Wie früh muss ich am Abreisetag zum Flughafen?+
Rechnen Sie vom Boarding zurück, nicht vom Abflug. Für Schengen-Flüge ab Salzburg funktionieren zwei Stunden am Terminal, an Wintersamstagen eher zweieinhalb. Für Nicht-Schengen-Flüge ab München planen wir drei Stunden am Terminal plus Fahrzeit plus dreißig Minuten Puffer für die A8. Aus Skiorten wie Zell am See dauert die Fahrt am Samstag deutlich länger als unter der Woche.
Wann ist die beste Jahreszeit für einen Salzburg-Aufenthalt?+
Ohne Festspielbindung ist die zweite Septemberhälfte unser Favorit: warme Seen, besseres Licht als im Juli, gute Verfügbarkeit.

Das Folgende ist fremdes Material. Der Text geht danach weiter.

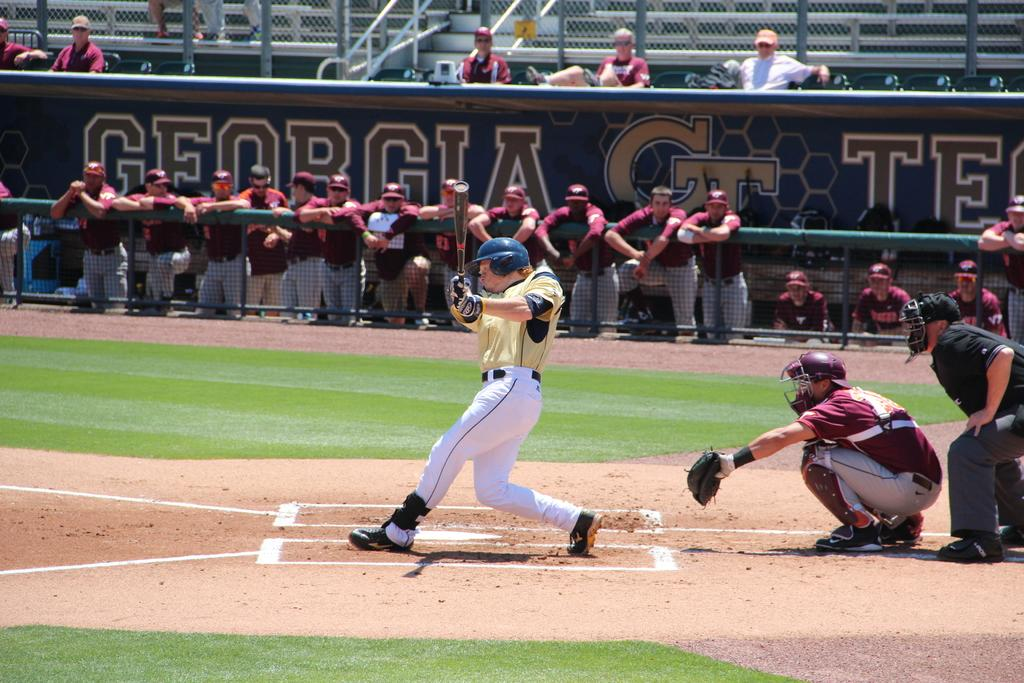<image>
Provide a brief description of the given image. A batter swings as the players on the other team watch in front of a "Georgia" sign.

Mai und Juni sind ähnlich angenehm, mit wechselhaftem Wetter. Advent ist stimmungsvoll, aber die Tage sind kurz und die Wochenenden voll. Januar bis März lohnt sich für Ski und eine ruhige Altstadt am Vormittag, wobei Samstag in der ganzen Region Bettwechseltag ist.
Wie viele Tagesausflüge passen sinnvoll in eine Woche?+
Zwei große Ausflüge pro Woche, mit mindestens einem ruhigen Tag dazwischen. Hallstatt und der Großglockner bedeuten jeweils vier bis fünf Stunden Fahrzeit; zwei solche Tage hintereinander sind anstrengend. Starten Sie früh, damit Sie in Hallstatt vor den Bussen ab etwa halb elf ankommen. Bei tiefer Bewölkung am Großglockner ist eine Verschiebung um einen Tag besser als das Durchziehen des Plans.

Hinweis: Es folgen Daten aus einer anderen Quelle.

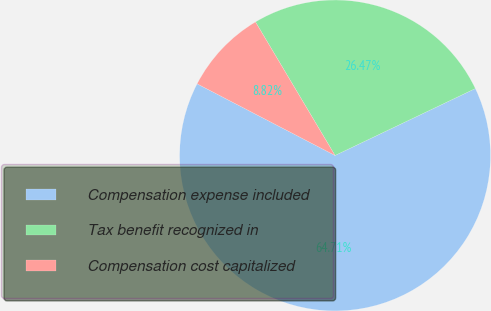Convert chart to OTSL. <chart><loc_0><loc_0><loc_500><loc_500><pie_chart><fcel>Compensation expense included<fcel>Tax benefit recognized in<fcel>Compensation cost capitalized<nl><fcel>64.71%<fcel>26.47%<fcel>8.82%<nl></chart>

Wie kommt man am Abend zu den Festspielhäusern?+
Rund um Hofstallgasse und Karajanplatz ist der Verkehr stark reglementiert, und in der Stunde vor Vorstellungsbeginn kommt ohnehin niemand durch. Wir setzen deshalb am Rand der Altstadt ab; der Weg dauert wenige Minuten über Kopfsteinpflaster, was bei Abendschuhen zu bedenken ist. Nach der Vorstellung ist ein fixer Abholpunkt mit etwas Abstand zum Ausgang schneller als ein Halt direkt vor dem Haus.